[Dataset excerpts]
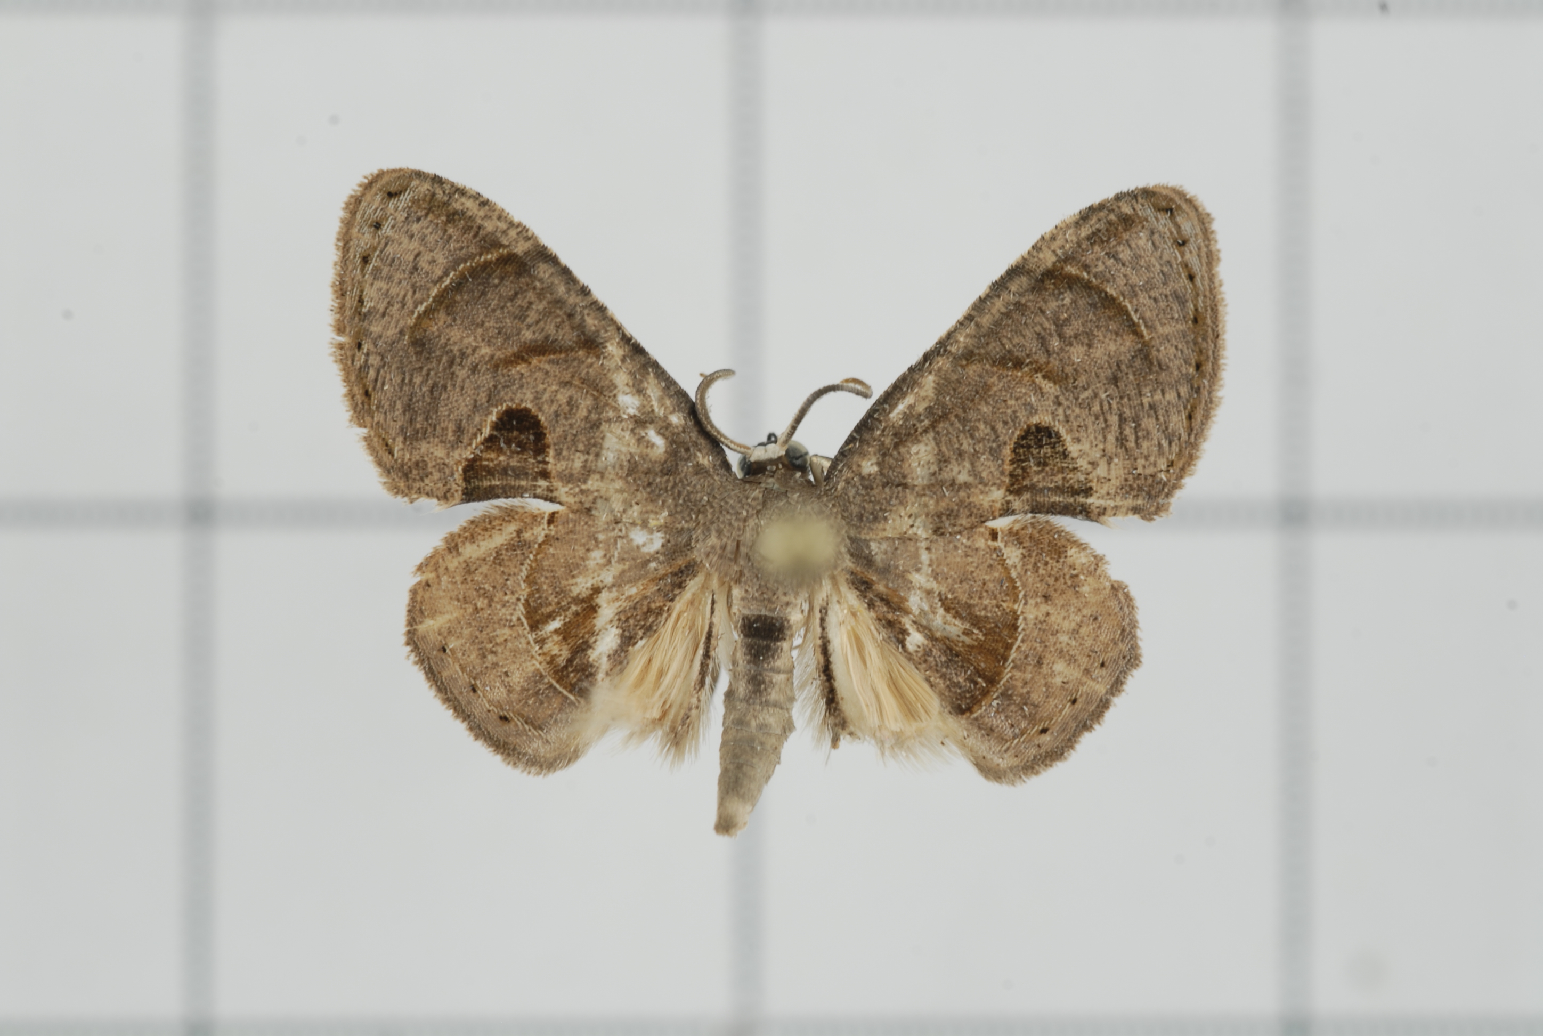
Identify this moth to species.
Phazaca kosemponicola
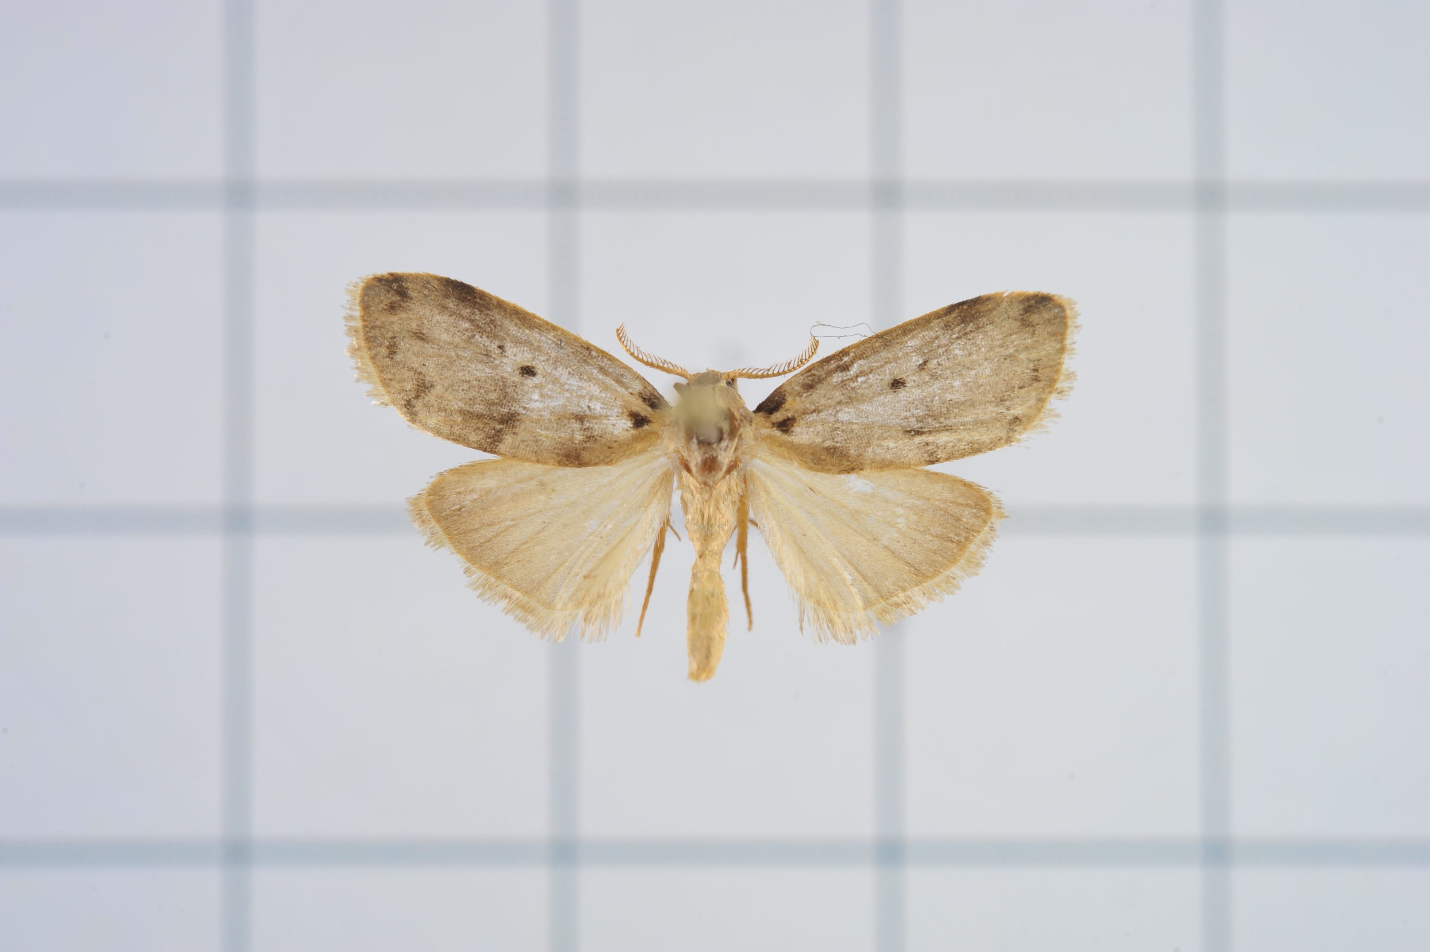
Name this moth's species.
Eugoa cernyi
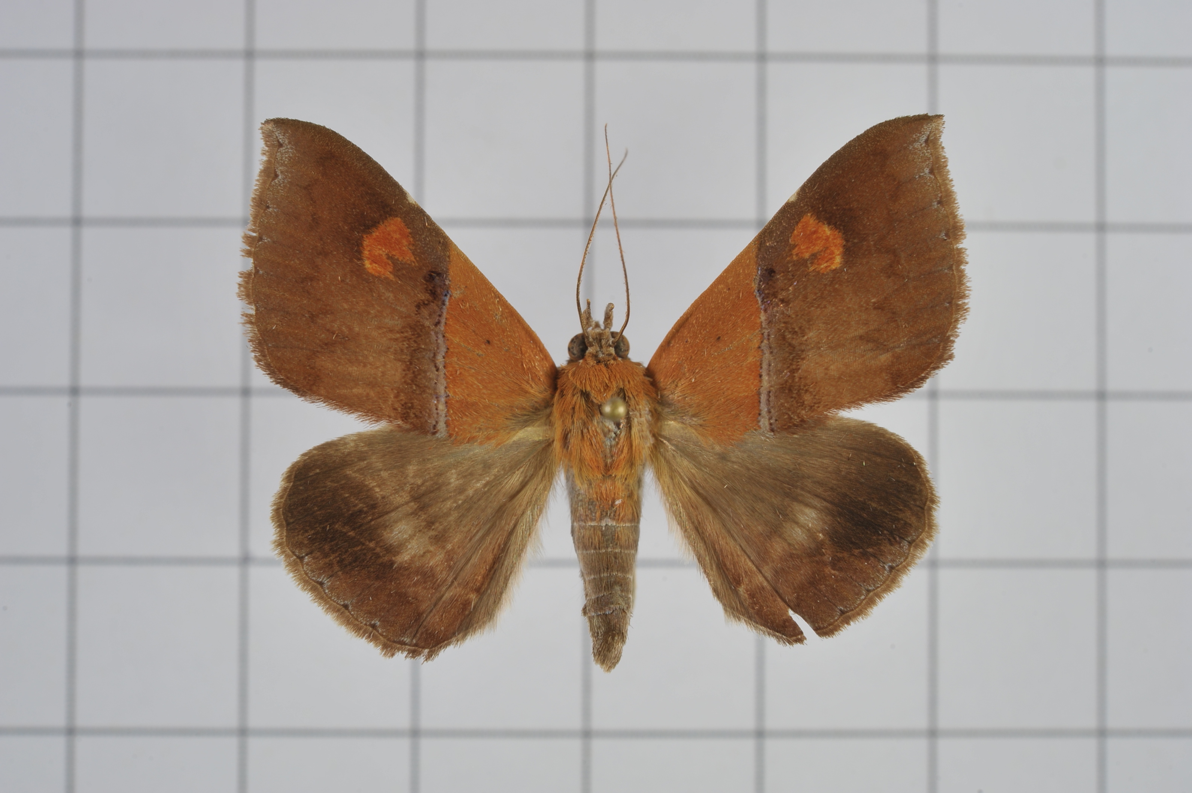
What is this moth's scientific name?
Sympis rufibasis

[Task goal] Could you transcribe the records above exactly, leaving out any pictures?

[The completed task]
Identify this moth to species.
Phazaca kosemponicola
Name this moth's species.
Eugoa cernyi
What is this moth's scientific name?
Sympis rufibasis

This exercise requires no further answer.